[Task directions]
Set down exactly the lines below between the line holding "Do the same for every pastry." and the line holding "Answer in list order. If", inclusive; no other line belongs in the answer.

(Collection entries)
▬▬▬▬▬▬

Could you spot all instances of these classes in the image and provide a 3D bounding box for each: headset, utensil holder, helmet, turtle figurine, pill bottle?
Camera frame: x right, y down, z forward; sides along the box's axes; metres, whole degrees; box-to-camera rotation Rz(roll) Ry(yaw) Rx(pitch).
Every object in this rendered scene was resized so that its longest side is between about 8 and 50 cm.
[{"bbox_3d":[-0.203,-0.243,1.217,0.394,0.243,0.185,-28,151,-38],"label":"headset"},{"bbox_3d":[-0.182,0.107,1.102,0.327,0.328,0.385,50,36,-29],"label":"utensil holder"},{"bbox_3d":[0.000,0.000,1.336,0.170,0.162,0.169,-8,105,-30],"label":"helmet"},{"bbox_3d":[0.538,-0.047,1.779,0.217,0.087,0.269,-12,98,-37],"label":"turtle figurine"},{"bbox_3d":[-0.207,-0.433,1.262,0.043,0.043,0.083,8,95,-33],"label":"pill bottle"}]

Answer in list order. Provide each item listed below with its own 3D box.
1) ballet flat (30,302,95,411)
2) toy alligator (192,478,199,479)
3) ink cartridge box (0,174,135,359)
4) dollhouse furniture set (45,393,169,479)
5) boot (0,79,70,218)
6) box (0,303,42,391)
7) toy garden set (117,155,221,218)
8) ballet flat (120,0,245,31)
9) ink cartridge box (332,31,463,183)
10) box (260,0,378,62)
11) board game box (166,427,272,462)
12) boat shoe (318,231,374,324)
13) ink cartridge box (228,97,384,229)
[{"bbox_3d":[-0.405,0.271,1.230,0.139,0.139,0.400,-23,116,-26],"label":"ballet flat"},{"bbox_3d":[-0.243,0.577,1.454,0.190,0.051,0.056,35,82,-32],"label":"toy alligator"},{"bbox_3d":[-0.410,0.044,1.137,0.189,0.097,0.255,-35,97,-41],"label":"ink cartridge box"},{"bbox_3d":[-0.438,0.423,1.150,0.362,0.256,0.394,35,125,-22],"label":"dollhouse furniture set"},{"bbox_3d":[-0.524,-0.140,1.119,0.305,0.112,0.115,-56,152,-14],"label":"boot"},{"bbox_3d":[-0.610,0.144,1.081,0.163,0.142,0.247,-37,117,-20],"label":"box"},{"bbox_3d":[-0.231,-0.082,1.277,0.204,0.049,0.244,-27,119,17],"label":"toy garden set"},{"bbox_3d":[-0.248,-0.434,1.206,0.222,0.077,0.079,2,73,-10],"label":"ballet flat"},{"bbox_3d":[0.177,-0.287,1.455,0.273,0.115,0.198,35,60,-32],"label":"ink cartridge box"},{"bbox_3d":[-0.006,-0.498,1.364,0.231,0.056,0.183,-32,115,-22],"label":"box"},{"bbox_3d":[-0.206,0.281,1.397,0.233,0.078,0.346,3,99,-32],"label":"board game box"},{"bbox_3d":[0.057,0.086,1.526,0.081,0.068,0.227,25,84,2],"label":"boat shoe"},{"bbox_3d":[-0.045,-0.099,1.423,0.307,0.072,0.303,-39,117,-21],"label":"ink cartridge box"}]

▬▬▬▬▬▬

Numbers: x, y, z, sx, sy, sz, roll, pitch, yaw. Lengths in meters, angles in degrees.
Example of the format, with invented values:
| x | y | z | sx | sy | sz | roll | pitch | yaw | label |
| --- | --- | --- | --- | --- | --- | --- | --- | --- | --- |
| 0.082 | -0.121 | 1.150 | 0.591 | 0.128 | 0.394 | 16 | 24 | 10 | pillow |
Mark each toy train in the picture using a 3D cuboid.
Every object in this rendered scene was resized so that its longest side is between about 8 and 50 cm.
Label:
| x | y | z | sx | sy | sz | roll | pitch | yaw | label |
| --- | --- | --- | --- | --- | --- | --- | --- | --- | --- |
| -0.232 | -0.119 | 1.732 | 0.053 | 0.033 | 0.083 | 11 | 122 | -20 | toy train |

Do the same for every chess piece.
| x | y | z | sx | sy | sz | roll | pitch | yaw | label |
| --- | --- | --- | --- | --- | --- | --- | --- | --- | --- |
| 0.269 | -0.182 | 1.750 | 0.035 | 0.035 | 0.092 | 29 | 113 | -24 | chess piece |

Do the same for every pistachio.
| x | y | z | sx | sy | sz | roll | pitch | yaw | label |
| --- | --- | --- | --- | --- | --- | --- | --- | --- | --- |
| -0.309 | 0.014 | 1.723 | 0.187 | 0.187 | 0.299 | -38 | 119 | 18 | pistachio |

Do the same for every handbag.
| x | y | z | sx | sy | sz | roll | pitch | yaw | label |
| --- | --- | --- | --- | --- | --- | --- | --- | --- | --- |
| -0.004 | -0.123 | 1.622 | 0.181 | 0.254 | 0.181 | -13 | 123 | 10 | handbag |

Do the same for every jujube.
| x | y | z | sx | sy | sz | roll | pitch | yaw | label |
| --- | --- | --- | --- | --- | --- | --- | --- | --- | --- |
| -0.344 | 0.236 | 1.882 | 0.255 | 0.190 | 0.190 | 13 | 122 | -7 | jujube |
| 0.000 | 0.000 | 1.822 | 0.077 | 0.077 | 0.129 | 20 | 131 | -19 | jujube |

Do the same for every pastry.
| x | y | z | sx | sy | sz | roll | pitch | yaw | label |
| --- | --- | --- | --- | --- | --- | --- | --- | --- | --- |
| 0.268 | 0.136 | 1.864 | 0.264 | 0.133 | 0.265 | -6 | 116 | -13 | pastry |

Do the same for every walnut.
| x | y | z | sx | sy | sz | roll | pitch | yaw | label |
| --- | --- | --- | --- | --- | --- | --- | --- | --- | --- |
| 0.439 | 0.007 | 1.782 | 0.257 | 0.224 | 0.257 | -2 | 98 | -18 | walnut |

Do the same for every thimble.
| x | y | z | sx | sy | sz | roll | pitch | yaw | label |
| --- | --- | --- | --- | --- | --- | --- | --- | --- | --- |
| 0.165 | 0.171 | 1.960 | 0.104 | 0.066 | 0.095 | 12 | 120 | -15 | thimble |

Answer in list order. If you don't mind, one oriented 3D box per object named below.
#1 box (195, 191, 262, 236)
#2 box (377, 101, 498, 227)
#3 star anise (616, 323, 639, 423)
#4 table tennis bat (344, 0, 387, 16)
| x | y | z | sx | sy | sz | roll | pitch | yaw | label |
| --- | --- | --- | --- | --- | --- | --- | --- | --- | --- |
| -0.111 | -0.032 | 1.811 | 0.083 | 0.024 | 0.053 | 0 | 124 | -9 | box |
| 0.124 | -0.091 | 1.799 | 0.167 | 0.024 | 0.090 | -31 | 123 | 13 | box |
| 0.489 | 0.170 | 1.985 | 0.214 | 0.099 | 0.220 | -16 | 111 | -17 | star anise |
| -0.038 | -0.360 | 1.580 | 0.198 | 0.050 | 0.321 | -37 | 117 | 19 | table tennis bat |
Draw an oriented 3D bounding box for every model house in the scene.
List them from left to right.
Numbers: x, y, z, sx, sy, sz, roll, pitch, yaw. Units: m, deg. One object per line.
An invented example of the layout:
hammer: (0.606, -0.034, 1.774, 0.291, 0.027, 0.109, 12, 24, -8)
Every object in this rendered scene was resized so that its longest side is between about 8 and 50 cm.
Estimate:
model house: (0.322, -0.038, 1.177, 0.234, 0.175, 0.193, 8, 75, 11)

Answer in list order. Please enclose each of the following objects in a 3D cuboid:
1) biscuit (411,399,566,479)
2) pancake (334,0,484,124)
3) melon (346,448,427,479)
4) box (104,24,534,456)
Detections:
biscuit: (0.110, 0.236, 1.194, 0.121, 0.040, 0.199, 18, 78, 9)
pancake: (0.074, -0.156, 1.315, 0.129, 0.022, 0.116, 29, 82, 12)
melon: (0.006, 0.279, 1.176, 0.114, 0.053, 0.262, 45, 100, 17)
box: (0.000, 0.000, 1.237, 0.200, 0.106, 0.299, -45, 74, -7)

▬▬▬▬▬▬

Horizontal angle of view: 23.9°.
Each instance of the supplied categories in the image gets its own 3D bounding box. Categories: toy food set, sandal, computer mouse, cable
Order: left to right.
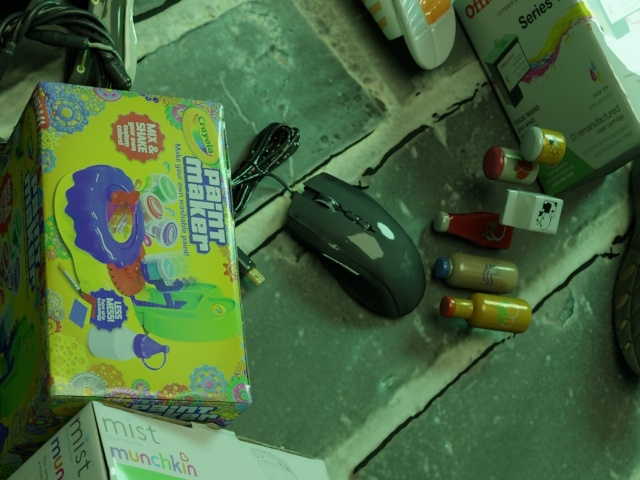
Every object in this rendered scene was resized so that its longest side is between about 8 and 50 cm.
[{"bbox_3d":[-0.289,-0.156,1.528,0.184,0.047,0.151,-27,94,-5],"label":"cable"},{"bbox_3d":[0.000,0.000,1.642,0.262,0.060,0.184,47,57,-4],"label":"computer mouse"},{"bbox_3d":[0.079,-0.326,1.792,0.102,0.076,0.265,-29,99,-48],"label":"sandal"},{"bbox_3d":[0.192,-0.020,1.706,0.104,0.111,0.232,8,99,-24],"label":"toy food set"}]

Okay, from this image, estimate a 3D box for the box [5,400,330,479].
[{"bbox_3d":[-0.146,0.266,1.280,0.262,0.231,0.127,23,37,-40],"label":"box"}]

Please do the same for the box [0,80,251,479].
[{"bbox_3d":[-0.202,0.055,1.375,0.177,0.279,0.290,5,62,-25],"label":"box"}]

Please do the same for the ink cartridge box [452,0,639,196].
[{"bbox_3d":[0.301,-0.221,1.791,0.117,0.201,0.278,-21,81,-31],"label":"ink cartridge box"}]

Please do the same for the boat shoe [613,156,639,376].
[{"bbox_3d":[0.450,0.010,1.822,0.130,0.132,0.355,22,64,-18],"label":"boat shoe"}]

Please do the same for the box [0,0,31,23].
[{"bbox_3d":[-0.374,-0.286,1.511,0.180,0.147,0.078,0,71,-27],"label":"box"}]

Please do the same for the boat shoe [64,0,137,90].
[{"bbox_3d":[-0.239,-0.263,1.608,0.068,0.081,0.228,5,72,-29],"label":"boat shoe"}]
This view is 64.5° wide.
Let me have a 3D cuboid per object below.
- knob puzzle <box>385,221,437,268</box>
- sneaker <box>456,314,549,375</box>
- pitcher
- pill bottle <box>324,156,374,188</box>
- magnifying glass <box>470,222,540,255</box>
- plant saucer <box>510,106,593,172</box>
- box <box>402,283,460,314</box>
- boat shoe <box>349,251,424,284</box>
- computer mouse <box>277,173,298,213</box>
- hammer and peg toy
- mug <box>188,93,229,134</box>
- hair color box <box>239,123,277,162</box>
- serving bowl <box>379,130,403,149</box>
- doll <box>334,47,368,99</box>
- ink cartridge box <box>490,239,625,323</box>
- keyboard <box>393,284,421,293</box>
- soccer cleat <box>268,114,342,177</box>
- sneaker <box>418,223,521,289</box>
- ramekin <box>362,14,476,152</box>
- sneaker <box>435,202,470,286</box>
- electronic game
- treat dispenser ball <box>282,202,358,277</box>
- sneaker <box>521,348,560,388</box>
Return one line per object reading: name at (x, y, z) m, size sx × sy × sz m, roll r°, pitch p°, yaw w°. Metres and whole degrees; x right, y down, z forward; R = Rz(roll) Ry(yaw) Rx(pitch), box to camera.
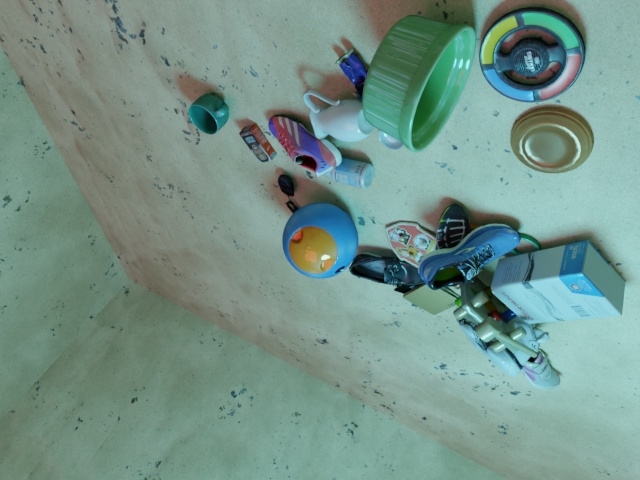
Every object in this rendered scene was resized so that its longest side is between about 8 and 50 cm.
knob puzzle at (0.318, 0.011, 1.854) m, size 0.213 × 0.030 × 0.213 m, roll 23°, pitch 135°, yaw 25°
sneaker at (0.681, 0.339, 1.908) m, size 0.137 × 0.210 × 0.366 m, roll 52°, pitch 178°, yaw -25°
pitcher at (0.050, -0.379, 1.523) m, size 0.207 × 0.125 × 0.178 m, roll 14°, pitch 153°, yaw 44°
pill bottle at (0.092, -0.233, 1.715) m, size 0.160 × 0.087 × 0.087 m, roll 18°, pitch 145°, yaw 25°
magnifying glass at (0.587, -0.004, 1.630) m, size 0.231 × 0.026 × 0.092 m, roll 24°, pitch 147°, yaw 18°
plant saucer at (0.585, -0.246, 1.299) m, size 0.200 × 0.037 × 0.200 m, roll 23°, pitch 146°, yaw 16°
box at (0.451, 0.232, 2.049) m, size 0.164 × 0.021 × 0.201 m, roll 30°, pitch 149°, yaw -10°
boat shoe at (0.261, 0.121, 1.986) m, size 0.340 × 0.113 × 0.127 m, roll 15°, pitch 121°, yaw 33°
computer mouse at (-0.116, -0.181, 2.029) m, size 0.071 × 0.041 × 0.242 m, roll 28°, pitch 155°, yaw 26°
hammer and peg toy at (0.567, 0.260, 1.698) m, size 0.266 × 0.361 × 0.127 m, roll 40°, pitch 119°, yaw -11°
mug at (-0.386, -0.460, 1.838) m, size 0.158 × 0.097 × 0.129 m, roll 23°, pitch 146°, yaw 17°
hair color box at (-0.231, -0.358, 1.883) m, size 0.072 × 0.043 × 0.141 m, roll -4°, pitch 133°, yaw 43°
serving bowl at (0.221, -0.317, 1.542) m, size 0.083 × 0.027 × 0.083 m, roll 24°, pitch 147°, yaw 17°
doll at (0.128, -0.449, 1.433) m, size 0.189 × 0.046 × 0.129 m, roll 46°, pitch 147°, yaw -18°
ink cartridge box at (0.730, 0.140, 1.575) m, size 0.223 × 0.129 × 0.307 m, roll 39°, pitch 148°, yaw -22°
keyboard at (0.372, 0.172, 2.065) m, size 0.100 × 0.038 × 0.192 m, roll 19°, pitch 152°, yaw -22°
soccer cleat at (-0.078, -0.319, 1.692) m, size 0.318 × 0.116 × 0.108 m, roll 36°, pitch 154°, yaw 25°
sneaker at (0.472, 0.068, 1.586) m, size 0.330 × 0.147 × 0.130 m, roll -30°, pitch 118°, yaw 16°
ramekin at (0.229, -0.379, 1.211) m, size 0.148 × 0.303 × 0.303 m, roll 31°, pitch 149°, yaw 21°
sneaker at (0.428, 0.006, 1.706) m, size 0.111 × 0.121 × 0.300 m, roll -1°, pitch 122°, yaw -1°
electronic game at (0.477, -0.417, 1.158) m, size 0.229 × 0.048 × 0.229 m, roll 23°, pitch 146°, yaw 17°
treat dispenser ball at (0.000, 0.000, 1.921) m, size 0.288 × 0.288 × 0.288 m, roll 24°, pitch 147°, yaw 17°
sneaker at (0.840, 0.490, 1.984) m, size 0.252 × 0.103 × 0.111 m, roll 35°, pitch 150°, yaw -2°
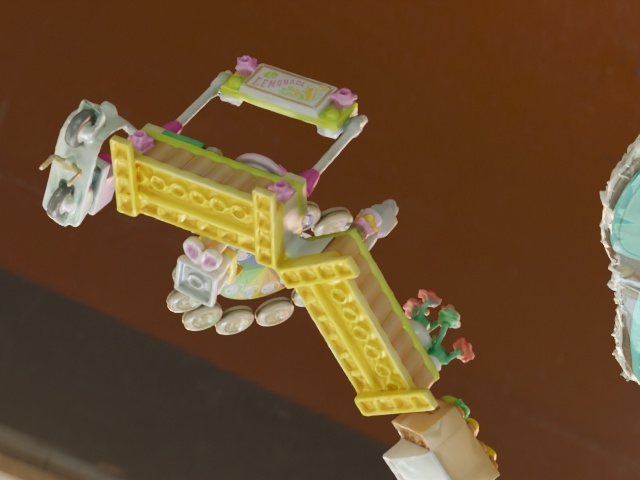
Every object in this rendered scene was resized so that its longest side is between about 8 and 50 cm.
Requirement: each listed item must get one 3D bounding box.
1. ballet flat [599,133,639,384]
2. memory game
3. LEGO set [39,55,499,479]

▬▬▬▬▬▬

[Task answer]
Do the same for every pastry.
| x | y | z | sx | sy | sz | roll | pitch | yaw | label |
| --- | --- | --- | --- | --- | --- | --- | --- | --- | --- |
| 0.268 | 0.136 | 1.864 | 0.264 | 0.133 | 0.265 | -6 | 116 | -13 | pastry |

Do the same for every walnut.
| x | y | z | sx | sy | sz | roll | pitch | yaw | label |
| --- | --- | --- | --- | --- | --- | --- | --- | --- | --- |
| 0.439 | 0.007 | 1.782 | 0.257 | 0.224 | 0.257 | -2 | 98 | -18 | walnut |

Do the same for every thimble.
| x | y | z | sx | sy | sz | roll | pitch | yaw | label |
| --- | --- | --- | --- | --- | --- | --- | --- | --- | --- |
| 0.165 | 0.171 | 1.960 | 0.104 | 0.066 | 0.095 | 12 | 120 | -15 | thimble |

Answer in list order. If you don't mind, one oriented 3D box per object named below.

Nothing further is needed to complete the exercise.